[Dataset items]
┄┄┄┄┄┄┄┄┄┄┄┄┄┄┄┄┄┄┄┄

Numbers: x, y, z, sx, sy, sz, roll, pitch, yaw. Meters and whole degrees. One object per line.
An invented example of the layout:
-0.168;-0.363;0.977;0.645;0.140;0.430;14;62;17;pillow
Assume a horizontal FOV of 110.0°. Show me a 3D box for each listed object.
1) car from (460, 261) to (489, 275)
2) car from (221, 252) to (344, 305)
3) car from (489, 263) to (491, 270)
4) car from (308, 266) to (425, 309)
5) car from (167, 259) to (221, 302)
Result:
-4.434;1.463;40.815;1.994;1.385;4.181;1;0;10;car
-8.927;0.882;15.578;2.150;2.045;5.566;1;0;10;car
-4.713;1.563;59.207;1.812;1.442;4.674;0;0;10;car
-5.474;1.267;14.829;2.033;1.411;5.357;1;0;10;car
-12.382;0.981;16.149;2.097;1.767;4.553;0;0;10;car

┄┄┄┄┄┄┄┄┄┄┄┄┄┄┄┄┄┄┄┄

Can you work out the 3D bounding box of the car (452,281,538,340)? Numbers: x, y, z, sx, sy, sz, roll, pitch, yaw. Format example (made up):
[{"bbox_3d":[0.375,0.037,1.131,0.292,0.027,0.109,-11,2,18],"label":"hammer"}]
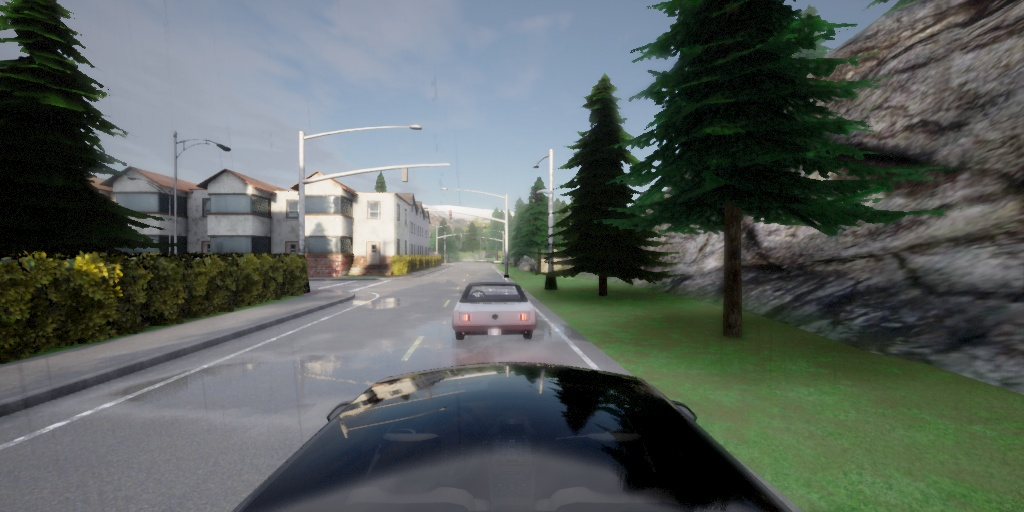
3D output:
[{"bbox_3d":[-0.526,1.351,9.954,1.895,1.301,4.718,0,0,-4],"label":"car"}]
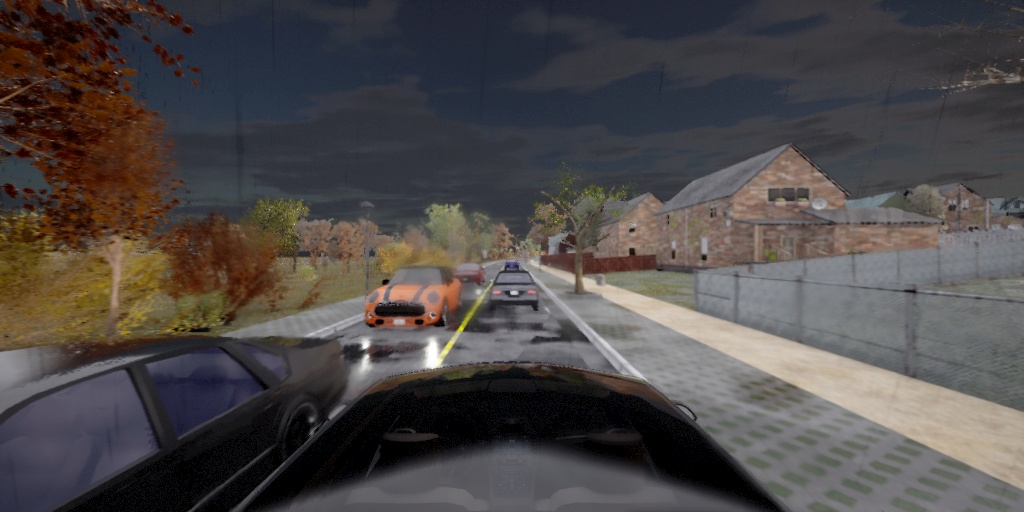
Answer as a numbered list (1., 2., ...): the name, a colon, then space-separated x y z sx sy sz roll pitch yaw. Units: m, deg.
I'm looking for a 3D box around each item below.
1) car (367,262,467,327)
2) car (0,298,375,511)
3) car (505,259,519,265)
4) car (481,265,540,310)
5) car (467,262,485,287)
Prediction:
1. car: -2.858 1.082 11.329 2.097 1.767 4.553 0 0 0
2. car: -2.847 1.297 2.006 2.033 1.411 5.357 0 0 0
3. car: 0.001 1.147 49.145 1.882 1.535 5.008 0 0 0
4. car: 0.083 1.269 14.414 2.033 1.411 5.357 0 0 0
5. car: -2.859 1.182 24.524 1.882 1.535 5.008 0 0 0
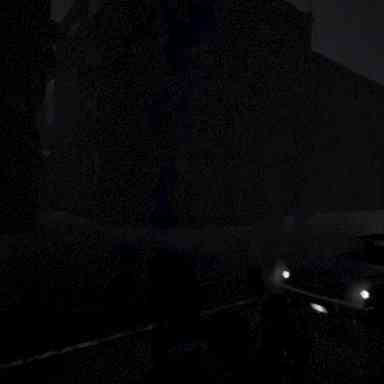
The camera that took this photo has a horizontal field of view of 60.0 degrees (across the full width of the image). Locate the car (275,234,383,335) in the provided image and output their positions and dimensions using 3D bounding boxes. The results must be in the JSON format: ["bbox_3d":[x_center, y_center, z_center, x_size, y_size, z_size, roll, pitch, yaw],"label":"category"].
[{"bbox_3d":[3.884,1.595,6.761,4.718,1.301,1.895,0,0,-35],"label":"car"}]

┄┄┄┄┄┄┄┄┄┄┄┄┄┄┄┄┄┄┄┄

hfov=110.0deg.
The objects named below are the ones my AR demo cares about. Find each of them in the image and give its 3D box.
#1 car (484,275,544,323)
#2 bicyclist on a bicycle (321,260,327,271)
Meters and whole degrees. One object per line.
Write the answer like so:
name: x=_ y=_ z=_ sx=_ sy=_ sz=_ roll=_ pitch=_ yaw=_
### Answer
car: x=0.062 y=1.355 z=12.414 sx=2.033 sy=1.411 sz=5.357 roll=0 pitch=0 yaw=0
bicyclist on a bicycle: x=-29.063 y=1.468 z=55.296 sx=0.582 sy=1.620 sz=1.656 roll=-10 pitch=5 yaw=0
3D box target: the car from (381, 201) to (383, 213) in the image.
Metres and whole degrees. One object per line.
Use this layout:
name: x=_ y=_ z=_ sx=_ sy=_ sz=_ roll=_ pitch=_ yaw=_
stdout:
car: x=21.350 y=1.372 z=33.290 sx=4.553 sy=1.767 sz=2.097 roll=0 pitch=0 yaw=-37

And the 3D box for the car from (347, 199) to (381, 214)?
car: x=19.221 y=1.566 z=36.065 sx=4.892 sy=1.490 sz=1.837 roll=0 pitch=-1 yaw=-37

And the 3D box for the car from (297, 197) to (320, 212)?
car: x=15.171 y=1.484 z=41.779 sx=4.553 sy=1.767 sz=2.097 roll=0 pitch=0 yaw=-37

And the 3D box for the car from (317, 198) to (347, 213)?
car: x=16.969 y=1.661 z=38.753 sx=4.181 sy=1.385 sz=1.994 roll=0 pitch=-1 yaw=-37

┄┄┄┄┄┄┄┄┄┄┄┄┄┄┄┄┄┄┄┄

What this task involves |
How many of the lines above contain the string "Meters"? Give the number only.

Written reply |
2